● **HOW TO COMPLETE THIS TASK**
Some of the lines below need repeating. Reproduce exactly those between the lines holding "table_header Tweede Kamer" and "text 's-Gravenhage 2014 [88, 1508, 323, 1522]", inclusive.

*** INPUT MATERIAL ***

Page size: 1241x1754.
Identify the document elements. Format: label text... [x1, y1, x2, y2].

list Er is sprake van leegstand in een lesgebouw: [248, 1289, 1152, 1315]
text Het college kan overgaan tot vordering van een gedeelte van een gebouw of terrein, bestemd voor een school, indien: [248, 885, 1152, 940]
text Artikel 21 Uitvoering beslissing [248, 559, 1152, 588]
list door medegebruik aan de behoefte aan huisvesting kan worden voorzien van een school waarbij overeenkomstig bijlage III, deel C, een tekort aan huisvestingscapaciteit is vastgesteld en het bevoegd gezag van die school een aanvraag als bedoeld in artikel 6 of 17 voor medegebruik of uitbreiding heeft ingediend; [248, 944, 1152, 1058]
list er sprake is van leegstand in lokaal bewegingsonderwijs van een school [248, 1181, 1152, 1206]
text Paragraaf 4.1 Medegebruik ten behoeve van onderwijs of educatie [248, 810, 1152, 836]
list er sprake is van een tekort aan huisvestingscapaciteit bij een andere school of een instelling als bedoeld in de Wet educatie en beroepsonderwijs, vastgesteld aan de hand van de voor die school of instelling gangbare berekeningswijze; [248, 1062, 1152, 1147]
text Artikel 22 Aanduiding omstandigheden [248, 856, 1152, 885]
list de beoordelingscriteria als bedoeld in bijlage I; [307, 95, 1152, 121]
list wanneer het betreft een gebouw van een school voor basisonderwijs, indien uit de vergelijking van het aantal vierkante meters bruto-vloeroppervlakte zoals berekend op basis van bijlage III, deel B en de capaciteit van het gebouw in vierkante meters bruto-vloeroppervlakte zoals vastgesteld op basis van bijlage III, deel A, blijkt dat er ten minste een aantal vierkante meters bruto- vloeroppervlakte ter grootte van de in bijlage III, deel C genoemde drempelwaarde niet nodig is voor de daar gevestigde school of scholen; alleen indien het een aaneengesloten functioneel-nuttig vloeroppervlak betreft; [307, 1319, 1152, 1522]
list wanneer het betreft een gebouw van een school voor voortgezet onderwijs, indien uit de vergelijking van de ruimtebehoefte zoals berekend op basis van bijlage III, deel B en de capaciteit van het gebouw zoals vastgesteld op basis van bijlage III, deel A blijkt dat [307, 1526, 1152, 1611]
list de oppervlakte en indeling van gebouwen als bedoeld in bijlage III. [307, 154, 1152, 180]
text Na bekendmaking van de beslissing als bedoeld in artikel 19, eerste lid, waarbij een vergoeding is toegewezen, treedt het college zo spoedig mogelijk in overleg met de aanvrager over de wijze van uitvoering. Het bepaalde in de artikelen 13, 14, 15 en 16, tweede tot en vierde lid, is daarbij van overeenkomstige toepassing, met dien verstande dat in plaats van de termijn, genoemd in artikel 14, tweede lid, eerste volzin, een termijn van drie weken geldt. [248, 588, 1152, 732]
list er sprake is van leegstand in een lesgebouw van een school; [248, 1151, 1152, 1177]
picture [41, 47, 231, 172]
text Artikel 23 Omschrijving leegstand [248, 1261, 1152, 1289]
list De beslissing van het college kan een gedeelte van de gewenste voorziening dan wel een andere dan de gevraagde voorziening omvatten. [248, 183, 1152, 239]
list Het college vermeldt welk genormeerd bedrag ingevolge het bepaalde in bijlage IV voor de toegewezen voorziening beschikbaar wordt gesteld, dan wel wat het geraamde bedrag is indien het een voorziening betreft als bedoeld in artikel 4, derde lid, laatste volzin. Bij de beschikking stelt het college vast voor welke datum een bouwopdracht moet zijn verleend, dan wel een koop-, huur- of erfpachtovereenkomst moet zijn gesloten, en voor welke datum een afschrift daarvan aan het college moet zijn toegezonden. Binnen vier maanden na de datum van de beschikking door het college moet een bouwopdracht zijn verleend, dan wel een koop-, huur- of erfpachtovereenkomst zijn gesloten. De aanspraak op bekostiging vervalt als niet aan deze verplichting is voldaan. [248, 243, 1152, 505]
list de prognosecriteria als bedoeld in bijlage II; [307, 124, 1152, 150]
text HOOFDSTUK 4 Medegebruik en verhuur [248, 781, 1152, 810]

***
*** INPUT MATERIAL ***

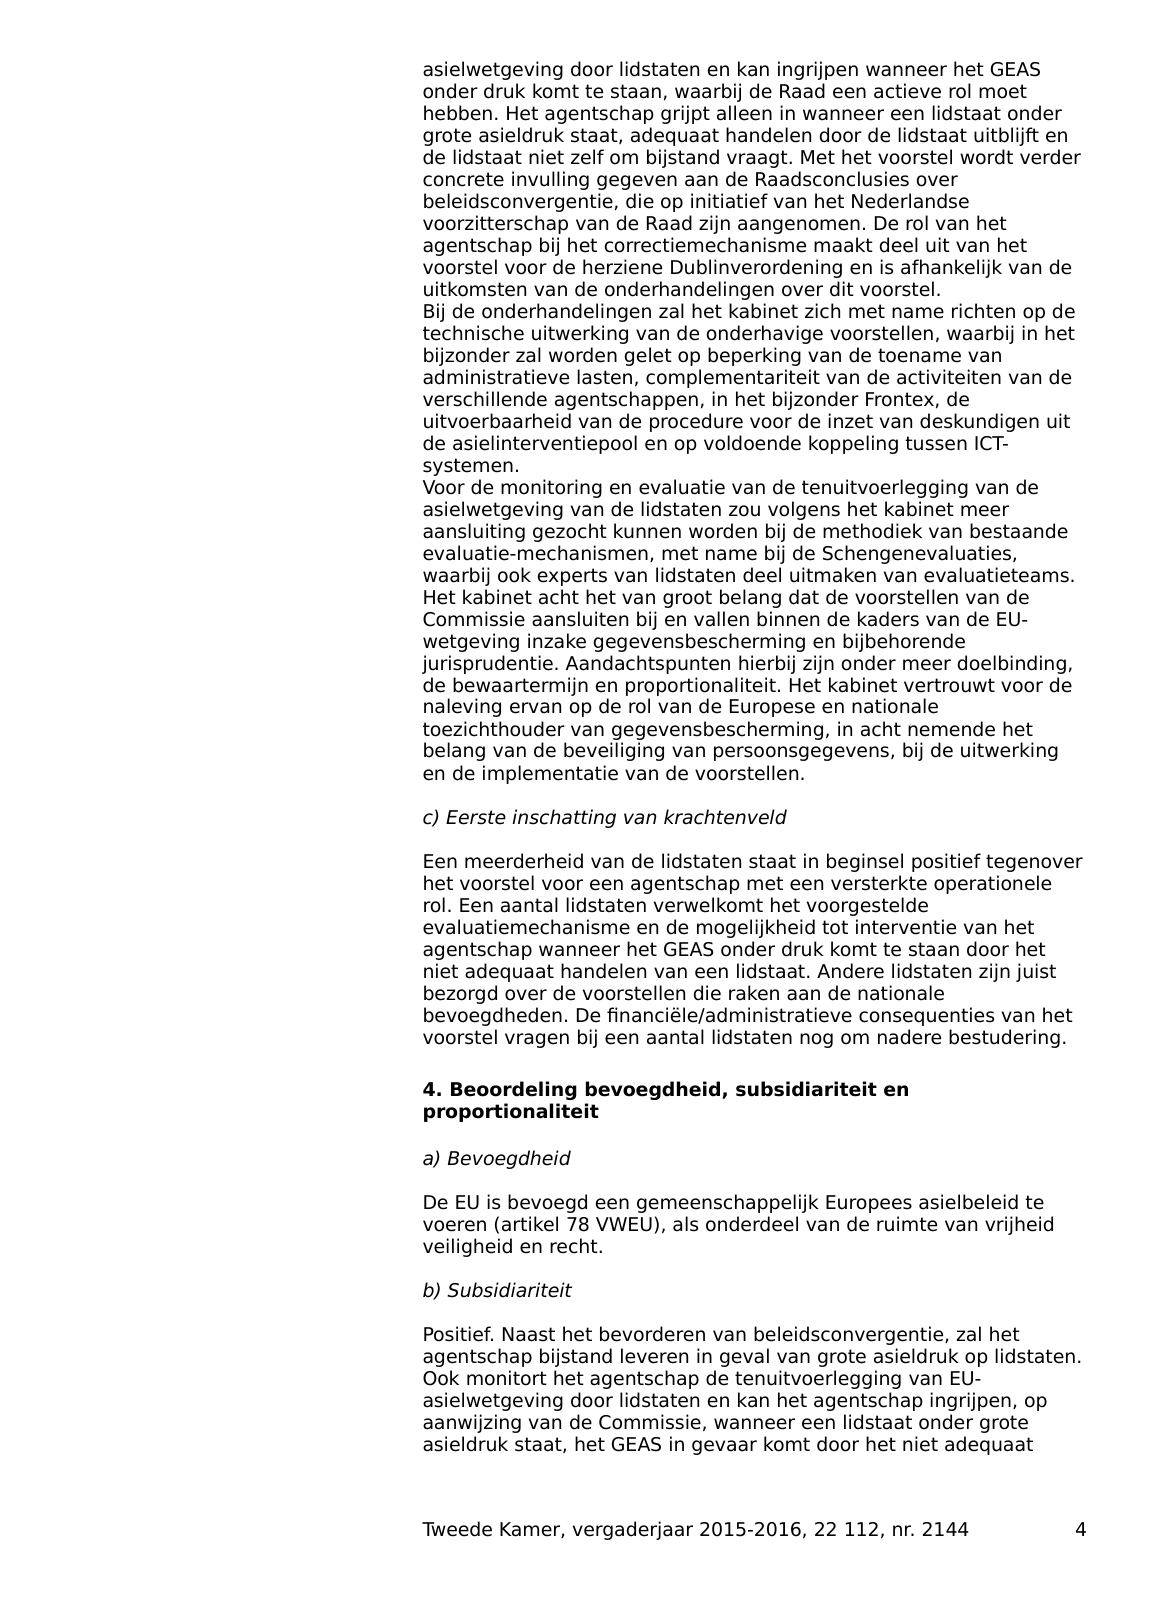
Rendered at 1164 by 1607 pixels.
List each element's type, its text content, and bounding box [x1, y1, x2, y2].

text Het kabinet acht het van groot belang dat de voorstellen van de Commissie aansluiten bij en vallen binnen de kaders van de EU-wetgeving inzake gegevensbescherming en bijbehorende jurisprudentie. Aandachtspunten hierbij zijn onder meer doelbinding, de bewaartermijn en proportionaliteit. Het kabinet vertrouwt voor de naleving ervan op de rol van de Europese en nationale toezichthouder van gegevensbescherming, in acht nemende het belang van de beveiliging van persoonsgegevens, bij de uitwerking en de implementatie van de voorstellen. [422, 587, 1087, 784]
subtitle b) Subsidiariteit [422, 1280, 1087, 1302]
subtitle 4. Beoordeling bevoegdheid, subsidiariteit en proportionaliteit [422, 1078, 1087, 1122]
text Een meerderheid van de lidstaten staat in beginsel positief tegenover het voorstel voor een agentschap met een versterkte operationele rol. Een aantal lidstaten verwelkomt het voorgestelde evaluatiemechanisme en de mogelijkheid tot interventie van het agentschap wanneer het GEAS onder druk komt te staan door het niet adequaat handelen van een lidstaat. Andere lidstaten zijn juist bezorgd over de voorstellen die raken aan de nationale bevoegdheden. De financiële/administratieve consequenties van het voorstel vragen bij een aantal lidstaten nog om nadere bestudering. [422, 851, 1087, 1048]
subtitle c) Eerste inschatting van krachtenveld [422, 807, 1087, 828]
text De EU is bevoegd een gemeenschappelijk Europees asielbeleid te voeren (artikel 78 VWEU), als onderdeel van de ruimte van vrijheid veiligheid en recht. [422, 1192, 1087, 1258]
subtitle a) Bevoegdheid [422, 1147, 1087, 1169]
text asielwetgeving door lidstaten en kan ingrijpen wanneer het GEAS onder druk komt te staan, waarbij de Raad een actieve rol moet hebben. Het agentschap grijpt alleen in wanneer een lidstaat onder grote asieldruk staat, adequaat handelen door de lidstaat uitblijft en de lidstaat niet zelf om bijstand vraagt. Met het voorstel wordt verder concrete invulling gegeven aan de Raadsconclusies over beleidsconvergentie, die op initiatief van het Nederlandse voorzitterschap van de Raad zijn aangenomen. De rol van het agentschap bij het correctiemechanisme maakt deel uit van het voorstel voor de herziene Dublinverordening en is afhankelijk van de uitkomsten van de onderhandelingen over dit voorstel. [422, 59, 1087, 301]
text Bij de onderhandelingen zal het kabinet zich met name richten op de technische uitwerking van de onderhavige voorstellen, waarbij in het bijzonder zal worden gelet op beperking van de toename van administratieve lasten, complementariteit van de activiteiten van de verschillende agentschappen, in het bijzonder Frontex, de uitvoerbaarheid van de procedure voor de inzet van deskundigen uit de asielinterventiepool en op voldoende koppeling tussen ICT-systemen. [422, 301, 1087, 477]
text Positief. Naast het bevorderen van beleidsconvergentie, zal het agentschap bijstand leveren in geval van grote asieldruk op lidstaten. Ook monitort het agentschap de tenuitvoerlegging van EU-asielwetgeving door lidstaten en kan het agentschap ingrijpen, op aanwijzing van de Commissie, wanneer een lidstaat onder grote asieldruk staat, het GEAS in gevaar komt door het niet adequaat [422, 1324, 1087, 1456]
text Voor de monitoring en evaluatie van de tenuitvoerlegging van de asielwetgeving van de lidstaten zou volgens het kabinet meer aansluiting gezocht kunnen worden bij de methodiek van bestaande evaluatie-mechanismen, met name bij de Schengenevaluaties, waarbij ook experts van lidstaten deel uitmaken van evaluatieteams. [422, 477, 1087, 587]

***
*** INPUT MATERIAL ***

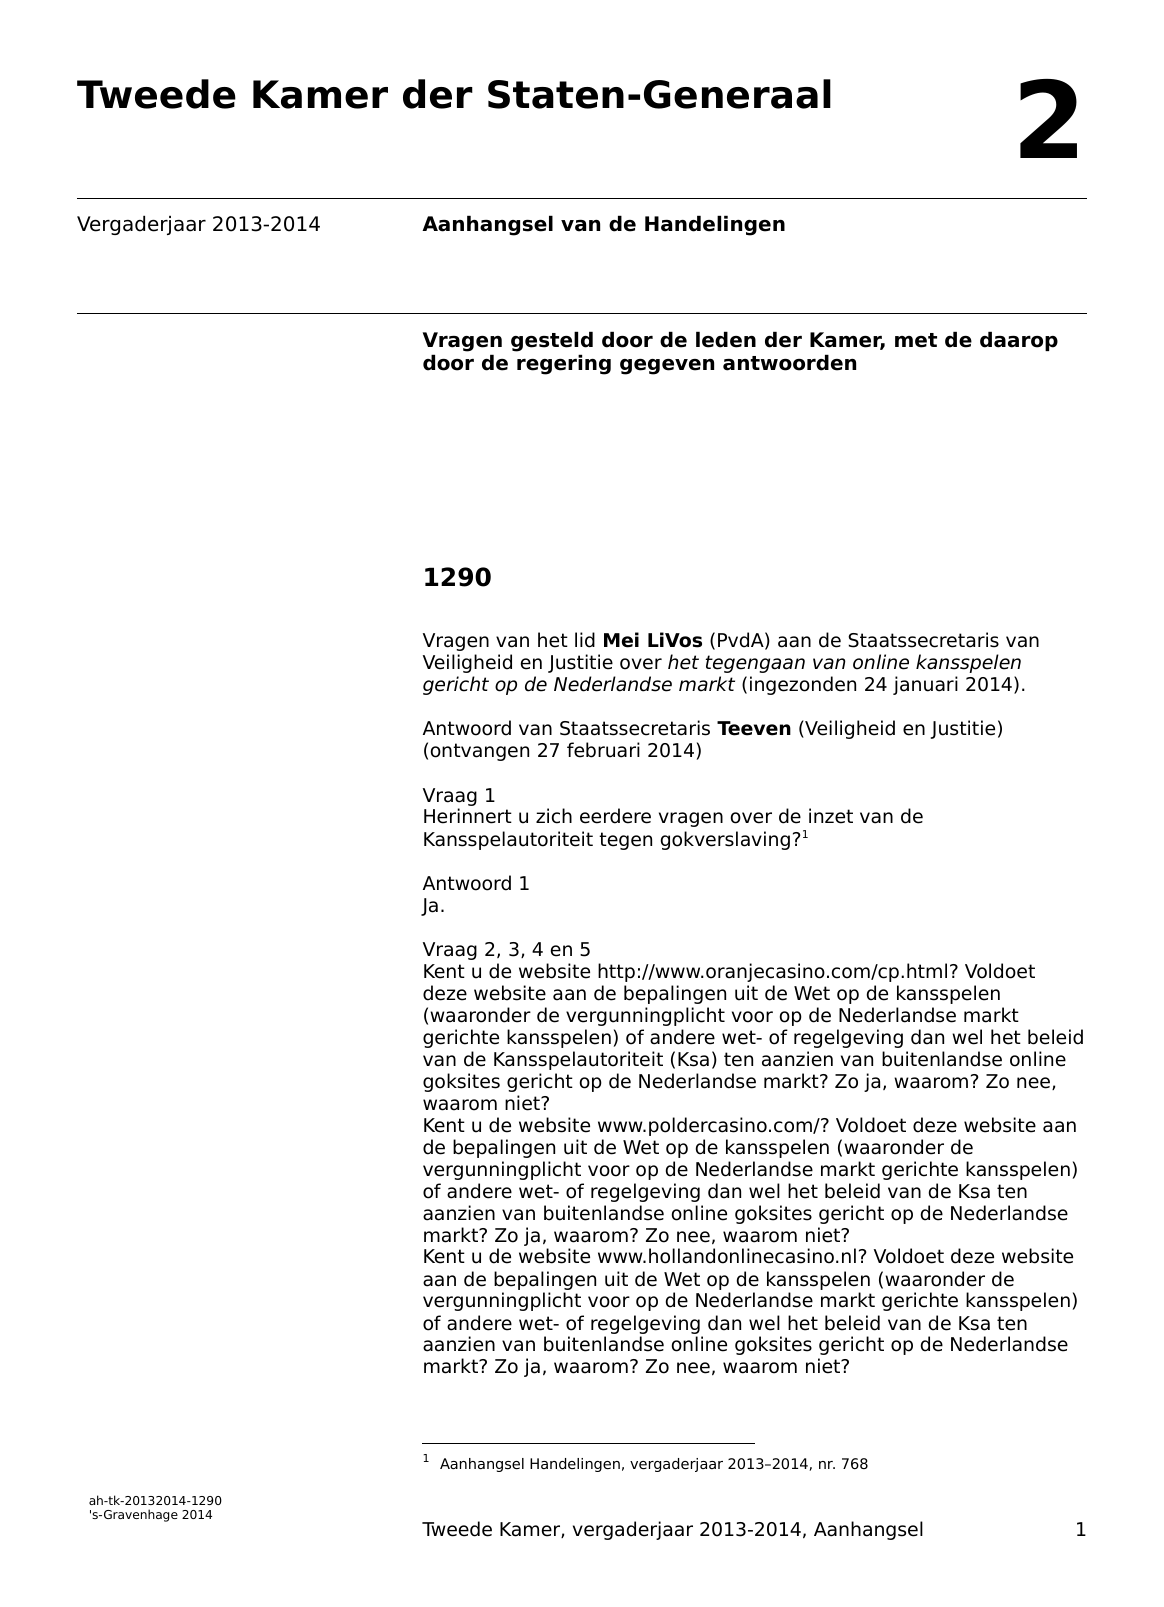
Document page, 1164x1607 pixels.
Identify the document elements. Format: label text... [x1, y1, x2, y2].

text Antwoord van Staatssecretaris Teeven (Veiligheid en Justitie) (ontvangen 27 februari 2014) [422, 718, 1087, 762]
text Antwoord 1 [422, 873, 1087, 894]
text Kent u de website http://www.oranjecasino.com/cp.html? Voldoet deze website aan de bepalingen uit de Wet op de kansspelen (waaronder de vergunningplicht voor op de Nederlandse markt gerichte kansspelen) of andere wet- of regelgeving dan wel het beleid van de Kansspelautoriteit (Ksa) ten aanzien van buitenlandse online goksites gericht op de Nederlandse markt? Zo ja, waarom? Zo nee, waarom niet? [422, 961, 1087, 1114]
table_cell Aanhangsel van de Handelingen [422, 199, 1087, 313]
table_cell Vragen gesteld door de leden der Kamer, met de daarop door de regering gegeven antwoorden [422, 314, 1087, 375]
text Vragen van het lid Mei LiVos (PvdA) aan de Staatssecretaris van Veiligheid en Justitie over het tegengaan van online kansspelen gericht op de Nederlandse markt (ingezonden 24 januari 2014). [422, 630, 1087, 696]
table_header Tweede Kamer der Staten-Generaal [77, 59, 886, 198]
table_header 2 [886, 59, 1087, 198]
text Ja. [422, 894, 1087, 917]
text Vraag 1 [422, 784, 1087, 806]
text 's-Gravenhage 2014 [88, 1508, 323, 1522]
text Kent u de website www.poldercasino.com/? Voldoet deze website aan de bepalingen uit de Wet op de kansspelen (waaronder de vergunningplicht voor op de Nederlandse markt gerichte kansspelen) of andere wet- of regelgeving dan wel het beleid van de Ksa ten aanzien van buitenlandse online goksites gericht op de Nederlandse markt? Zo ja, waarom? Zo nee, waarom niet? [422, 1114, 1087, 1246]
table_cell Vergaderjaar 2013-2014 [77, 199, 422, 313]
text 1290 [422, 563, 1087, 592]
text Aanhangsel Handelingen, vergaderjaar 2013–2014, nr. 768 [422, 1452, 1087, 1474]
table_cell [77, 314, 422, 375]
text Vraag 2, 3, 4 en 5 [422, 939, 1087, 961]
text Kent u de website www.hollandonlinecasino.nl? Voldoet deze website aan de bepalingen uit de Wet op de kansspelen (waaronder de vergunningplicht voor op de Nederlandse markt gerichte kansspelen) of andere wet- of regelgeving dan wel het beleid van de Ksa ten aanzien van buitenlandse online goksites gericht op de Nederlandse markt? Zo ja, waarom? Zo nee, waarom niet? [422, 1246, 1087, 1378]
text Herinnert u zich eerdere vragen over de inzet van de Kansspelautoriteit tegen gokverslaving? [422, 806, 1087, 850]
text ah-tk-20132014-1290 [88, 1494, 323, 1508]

***

● **ANSWER SECTION**
table_header Tweede Kamer der Staten-Generaal [77, 59, 886, 198]
table_header 2 [886, 59, 1087, 198]
text Ja. [422, 894, 1087, 917]
text Vraag 1 [422, 784, 1087, 806]
text 's-Gravenhage 2014 [88, 1508, 323, 1522]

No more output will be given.